Adapt to the agile & growing needs of your organization. New data types, new data products, and new apps are easily added to the mesh without any impact on established data services.
What is a data mesh?
A data mesh is a network of distributed data nodes linked together, which follow FAIR principles (findable, accessible, interoperable, and reusable) using smart APIs.
Another way to understand the concept of a data mesh is to think of it like the world wide web:
- You have your data in one or more data nodes, which are like web servers
- You have a data portal, which is like a web browser
- Data nodes have smart APIs, which allow the data portal to access and utilize any data node, like HTTP / DNS
Following the WWW concept, when you have a web server, you can serve domain-specific content. Similarly, Tag.bio’s data node (data product) serves domain-driven analysis functionality.
Why this matters:
This decentralized WWW pattern scales better than the centralized data lake pattern.
- Data nodes are developed, published and maintained independently by domain-centric teams
- Data nodes are able to communicate within the data mesh via smart APIs
- Data sources and functionality available within each data node are tightly versioned
- The same data node can be accessed by multiple teams, data portals, R/Python SDKs, and third-party clients
Similar to how a web browser allows a user to browse for and interact with content served by many disparate web servers, the data portal allows a user to browse for and interact with content served by the data nodes. The content can be private or public with access dependent on the user’s authorization roles.
Why this matters:
- A centralized platform for access to registered data nodes
- Ability to cross-compare disparate data in one platform
- Store a reproducible history of all your analysis activities and reusable UDATs (useful data artifacts)
- The portal allows FAIR (findable, accessible, interoperable, reusable) interaction with both data and analyses
In order for a web browser to communicate with the web servers, it needs a common language, which is the HTTP. In the data mesh case, the data portal can communicate with the data nodes using a common language, which is the smart API.
Why this matters:
- Smart API is a universal communication protocol to access domain-specific data and functionality within data nodes
- It enables each data node to communicate domain-specific language and functionality to end users
- A common way to extract and transfer data from data products to third party softwares (i.e. R, Python, Jupyter notebook, Tableau)
Data must be FAIR
Tag.bio’s data mesh focuses on making the data FAIR.
“I know where to look for any of my organization’s data.”
“I can access the data that I need.”
“I integrate this data with another data.”
“I can use the same data to ask and answer different types of questions.”
Advantages of the data mesh
Attempting to bring all of your data into the same place and the same universal schema is unsustainable at scale.
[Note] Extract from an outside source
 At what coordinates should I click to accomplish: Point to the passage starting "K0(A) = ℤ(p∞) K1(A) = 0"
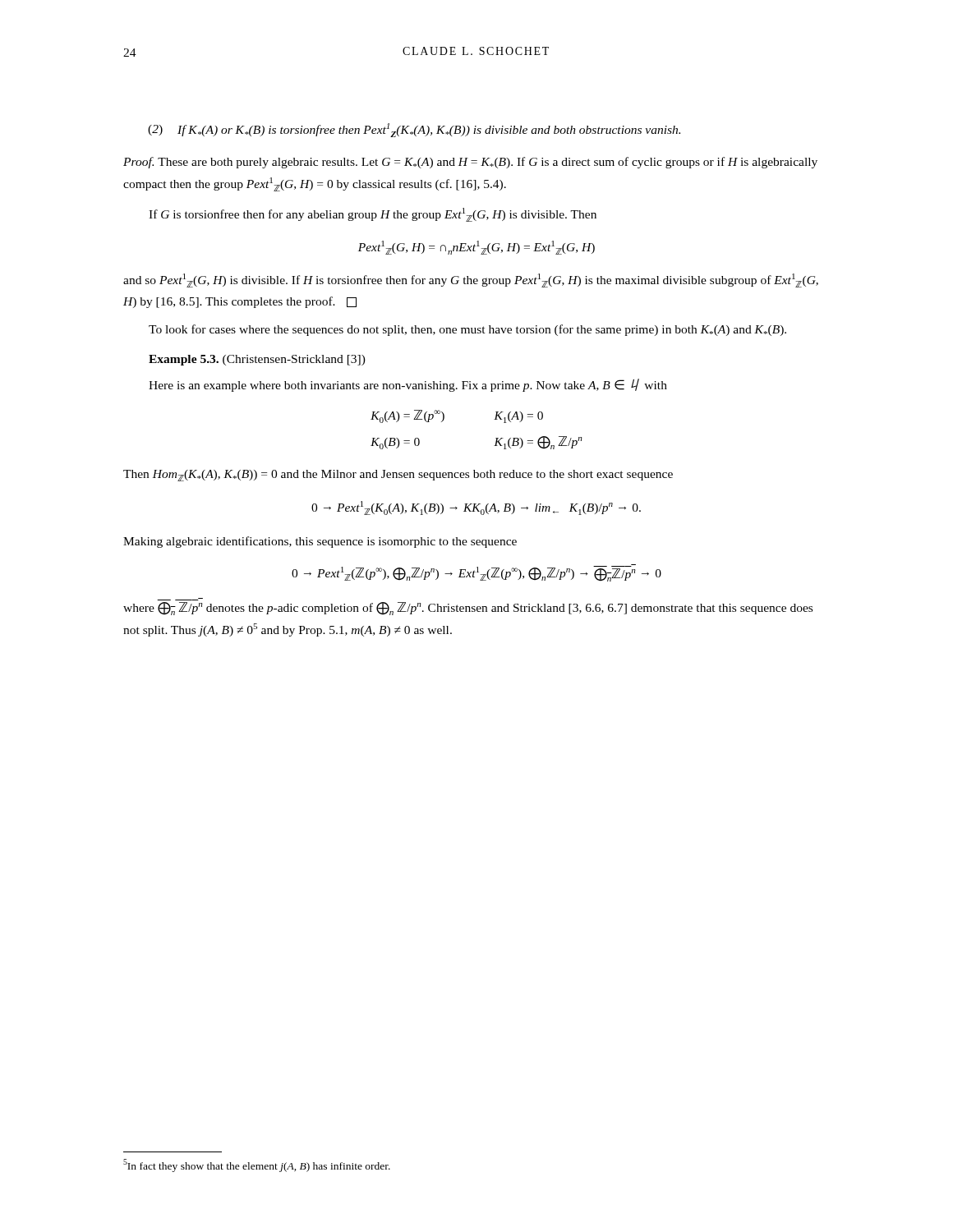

A decentralized data mesh solves that problem, with domain-driven – yet harmonized – data products designed and quickly deployed by smaller, specialized teams.
Each data node (data product) in the mesh can be worked on independently. As each node is containerized, it can be deployed as soon as any changes are ready.
As new data arises, new nodes can be constructed and deployed to the mesh. The same node can be accessed by many portals and teams. This allows your organization to scale your data mesh as you grow.
Accelerate time to value
Get value from day one. As a single node with a single analysis app can be released within hours. This allows domain experts to instantly start asking and answering their own questions.